- _Work item_: Go through the records and show each line where the word "Units" occurs.

- _Task data_:
+ + + + +

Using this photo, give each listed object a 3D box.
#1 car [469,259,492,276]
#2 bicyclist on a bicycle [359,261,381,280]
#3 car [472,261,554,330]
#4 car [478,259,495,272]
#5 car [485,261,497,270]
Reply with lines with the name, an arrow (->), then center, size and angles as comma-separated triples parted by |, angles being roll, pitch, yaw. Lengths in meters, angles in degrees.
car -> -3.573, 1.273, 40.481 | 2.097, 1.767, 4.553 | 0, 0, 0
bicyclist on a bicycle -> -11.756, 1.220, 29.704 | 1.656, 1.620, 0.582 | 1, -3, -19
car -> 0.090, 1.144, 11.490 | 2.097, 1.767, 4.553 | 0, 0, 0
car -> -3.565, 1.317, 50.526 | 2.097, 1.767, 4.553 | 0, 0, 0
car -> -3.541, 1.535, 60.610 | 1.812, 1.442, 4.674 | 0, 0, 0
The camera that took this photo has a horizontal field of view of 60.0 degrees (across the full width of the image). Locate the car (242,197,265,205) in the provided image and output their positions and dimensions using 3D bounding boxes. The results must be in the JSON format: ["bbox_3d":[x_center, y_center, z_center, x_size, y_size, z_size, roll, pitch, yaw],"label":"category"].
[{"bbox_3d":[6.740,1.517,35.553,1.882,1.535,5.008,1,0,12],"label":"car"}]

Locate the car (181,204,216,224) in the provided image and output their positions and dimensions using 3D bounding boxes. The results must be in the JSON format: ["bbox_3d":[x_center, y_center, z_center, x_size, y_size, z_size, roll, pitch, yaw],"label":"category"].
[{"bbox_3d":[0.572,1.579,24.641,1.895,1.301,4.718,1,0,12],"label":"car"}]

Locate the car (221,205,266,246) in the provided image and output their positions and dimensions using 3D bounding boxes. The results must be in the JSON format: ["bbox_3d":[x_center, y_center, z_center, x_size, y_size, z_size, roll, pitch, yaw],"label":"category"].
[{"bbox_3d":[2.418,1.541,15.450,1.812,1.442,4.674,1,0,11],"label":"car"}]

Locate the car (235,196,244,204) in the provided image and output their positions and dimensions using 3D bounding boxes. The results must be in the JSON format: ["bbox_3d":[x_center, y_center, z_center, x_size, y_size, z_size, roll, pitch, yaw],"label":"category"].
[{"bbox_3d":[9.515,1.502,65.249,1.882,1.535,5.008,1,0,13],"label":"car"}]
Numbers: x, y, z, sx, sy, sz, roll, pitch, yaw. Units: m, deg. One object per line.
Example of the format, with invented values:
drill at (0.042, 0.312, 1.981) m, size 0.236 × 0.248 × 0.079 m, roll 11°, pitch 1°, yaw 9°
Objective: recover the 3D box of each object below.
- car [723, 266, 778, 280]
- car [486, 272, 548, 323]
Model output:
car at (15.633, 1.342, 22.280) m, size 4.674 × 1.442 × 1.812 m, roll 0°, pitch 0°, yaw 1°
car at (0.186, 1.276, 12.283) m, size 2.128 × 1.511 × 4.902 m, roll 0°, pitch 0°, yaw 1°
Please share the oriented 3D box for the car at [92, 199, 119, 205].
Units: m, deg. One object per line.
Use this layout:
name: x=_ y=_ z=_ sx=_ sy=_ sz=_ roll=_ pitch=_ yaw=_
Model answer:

+ + + + +

- _Response to this exercise_:
Numbers: x, y, z, sx, sy, sz, roll, pitch, yaw. Units: m, deg. One object per line.
Units: m, deg. One object per line.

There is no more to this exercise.